**Activity**
From the first line to the last, repeat the records exactly and skip the pictures.

###

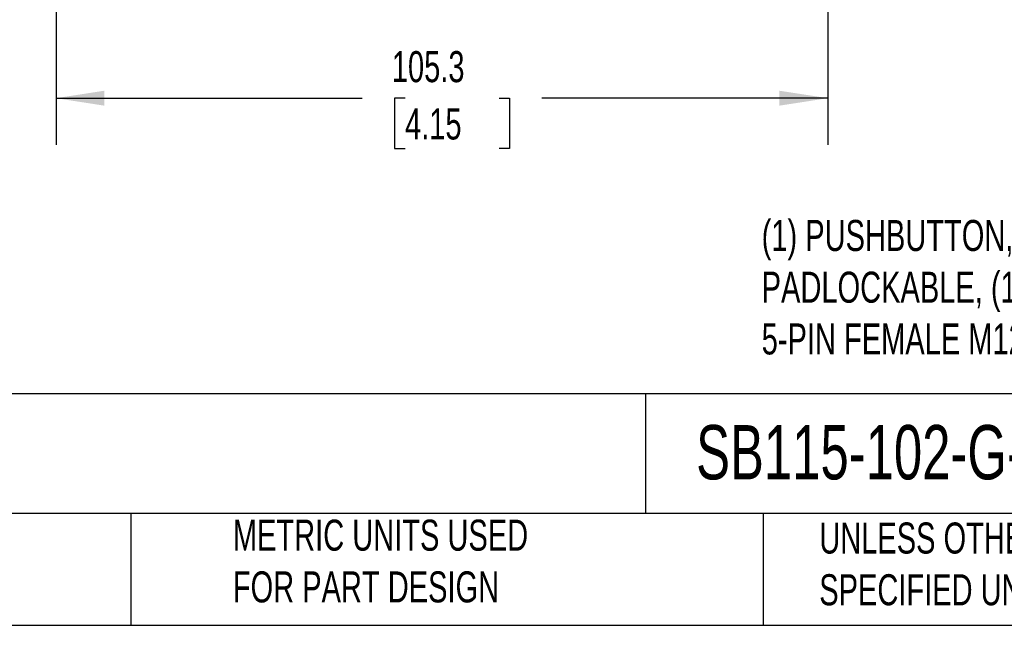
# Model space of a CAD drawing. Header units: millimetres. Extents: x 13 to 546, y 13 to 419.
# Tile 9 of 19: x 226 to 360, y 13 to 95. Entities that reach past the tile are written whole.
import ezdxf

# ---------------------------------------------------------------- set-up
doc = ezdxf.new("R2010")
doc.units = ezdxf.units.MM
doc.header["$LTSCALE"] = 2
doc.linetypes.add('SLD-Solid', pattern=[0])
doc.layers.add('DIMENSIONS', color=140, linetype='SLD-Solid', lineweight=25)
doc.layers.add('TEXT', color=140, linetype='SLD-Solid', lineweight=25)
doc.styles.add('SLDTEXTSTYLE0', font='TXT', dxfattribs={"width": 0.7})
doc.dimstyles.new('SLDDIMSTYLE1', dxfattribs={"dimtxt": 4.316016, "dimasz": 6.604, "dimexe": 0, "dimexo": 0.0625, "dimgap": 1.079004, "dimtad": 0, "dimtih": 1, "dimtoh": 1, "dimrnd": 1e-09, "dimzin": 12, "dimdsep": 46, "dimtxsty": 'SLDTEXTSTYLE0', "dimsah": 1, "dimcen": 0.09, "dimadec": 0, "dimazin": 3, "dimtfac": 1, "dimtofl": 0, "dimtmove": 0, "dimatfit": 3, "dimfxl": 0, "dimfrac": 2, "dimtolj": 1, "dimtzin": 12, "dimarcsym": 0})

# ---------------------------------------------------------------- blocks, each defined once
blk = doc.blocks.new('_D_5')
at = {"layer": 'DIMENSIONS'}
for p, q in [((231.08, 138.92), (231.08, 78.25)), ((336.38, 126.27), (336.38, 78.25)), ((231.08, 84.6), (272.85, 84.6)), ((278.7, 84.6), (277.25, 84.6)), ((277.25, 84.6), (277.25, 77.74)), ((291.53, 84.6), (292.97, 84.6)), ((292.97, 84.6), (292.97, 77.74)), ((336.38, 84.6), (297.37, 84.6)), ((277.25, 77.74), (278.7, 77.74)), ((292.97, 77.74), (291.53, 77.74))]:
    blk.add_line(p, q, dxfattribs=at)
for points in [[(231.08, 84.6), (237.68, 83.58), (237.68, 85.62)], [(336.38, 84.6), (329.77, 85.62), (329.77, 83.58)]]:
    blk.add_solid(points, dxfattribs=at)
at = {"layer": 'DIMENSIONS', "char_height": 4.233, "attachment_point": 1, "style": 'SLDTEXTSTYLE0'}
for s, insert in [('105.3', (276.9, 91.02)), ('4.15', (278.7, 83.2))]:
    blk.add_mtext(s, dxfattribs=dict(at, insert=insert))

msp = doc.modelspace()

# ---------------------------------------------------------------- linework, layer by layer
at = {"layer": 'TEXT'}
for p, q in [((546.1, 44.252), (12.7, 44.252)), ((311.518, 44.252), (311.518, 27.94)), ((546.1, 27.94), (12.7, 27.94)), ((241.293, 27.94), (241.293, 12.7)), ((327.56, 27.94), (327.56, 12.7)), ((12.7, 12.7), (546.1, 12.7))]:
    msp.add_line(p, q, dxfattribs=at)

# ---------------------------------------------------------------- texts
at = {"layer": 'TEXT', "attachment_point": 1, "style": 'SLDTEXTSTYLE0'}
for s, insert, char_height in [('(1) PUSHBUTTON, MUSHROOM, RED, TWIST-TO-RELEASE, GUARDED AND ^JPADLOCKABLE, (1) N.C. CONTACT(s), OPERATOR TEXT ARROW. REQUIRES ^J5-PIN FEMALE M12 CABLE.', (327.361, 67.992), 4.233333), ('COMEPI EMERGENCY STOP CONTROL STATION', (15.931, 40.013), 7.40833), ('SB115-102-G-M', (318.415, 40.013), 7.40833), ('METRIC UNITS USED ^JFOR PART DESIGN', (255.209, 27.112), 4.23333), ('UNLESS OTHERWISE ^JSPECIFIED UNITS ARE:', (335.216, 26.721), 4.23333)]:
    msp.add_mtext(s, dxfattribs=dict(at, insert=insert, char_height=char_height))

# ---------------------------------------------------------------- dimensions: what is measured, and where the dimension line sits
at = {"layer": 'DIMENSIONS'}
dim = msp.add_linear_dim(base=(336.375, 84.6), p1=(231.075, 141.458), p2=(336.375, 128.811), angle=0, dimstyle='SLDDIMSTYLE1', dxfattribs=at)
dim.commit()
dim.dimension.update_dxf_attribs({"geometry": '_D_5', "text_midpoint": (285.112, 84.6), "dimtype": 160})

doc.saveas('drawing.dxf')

###

**Solution for this task**
# Model space of a CAD drawing. Header units: millimetres. Extents: x 13 to 546, y 13 to 419.
# Tile 9 of 19: x 226 to 360, y 13 to 95. Entities that reach past the tile are written whole.
import ezdxf

# ---------------------------------------------------------------- set-up
doc = ezdxf.new("R2010")
doc.units = ezdxf.units.MM
doc.header["$LTSCALE"] = 2
doc.linetypes.add('SLD-Solid', pattern=[0])
doc.layers.add('DIMENSIONS', color=140, linetype='SLD-Solid', lineweight=25)
doc.layers.add('TEXT', color=140, linetype='SLD-Solid', lineweight=25)
doc.styles.add('SLDTEXTSTYLE0', font='TXT', dxfattribs={"width": 0.7})
doc.dimstyles.new('SLDDIMSTYLE1', dxfattribs={"dimtxt": 4.316016, "dimasz": 6.604, "dimexe": 0, "dimexo": 0.0625, "dimgap": 1.079004, "dimtad": 0, "dimtih": 1, "dimtoh": 1, "dimrnd": 1e-09, "dimzin": 12, "dimdsep": 46, "dimtxsty": 'SLDTEXTSTYLE0', "dimsah": 1, "dimcen": 0.09, "dimadec": 0, "dimazin": 3, "dimtfac": 1, "dimtofl": 0, "dimtmove": 0, "dimatfit": 3, "dimfxl": 0, "dimfrac": 2, "dimtolj": 1, "dimtzin": 12, "dimarcsym": 0})

# ---------------------------------------------------------------- blocks, each defined once
blk = doc.blocks.new('_D_5')
at = {"layer": 'DIMENSIONS'}
for p, q in [((231.08, 138.92), (231.08, 78.25)), ((336.38, 126.27), (336.38, 78.25)), ((231.08, 84.6), (272.85, 84.6)), ((278.7, 84.6), (277.25, 84.6)), ((277.25, 84.6), (277.25, 77.74)), ((291.53, 84.6), (292.97, 84.6)), ((292.97, 84.6), (292.97, 77.74)), ((336.38, 84.6), (297.37, 84.6)), ((277.25, 77.74), (278.7, 77.74)), ((292.97, 77.74), (291.53, 77.74))]:
    blk.add_line(p, q, dxfattribs=at)
for points in [[(231.08, 84.6), (237.68, 83.58), (237.68, 85.62)], [(336.38, 84.6), (329.77, 85.62), (329.77, 83.58)]]:
    blk.add_solid(points, dxfattribs=at)
at = {"layer": 'DIMENSIONS', "char_height": 4.233, "attachment_point": 1, "style": 'SLDTEXTSTYLE0'}
for s, insert in [('105.3', (276.9, 91.02)), ('4.15', (278.7, 83.2))]:
    blk.add_mtext(s, dxfattribs=dict(at, insert=insert))

msp = doc.modelspace()

# ---------------------------------------------------------------- linework, layer by layer
at = {"layer": 'TEXT'}
for p, q in [((546.1, 44.252), (12.7, 44.252)), ((311.518, 44.252), (311.518, 27.94)), ((546.1, 27.94), (12.7, 27.94)), ((241.293, 27.94), (241.293, 12.7)), ((327.56, 27.94), (327.56, 12.7)), ((12.7, 12.7), (546.1, 12.7))]:
    msp.add_line(p, q, dxfattribs=at)

# ---------------------------------------------------------------- texts
at = {"layer": 'TEXT', "attachment_point": 1, "style": 'SLDTEXTSTYLE0'}
for s, insert, char_height in [('(1) PUSHBUTTON, MUSHROOM, RED, TWIST-TO-RELEASE, GUARDED AND ^JPADLOCKABLE, (1) N.C. CONTACT(s), OPERATOR TEXT ARROW. REQUIRES ^J5-PIN FEMALE M12 CABLE.', (327.361, 67.992), 4.233333), ('COMEPI EMERGENCY STOP CONTROL STATION', (15.931, 40.013), 7.40833), ('SB115-102-G-M', (318.415, 40.013), 7.40833), ('METRIC UNITS USED ^JFOR PART DESIGN', (255.209, 27.112), 4.23333), ('UNLESS OTHERWISE ^JSPECIFIED UNITS ARE:', (335.216, 26.721), 4.23333)]:
    msp.add_mtext(s, dxfattribs=dict(at, insert=insert, char_height=char_height))

# ---------------------------------------------------------------- dimensions: what is measured, and where the dimension line sits
at = {"layer": 'DIMENSIONS'}
dim = msp.add_linear_dim(base=(336.375, 84.6), p1=(231.075, 141.458), p2=(336.375, 128.811), angle=0, dimstyle='SLDDIMSTYLE1', dxfattribs=at)
dim.commit()
dim.dimension.update_dxf_attribs({"geometry": '_D_5', "text_midpoint": (285.112, 84.6), "dimtype": 160})

doc.saveas('drawing.dxf')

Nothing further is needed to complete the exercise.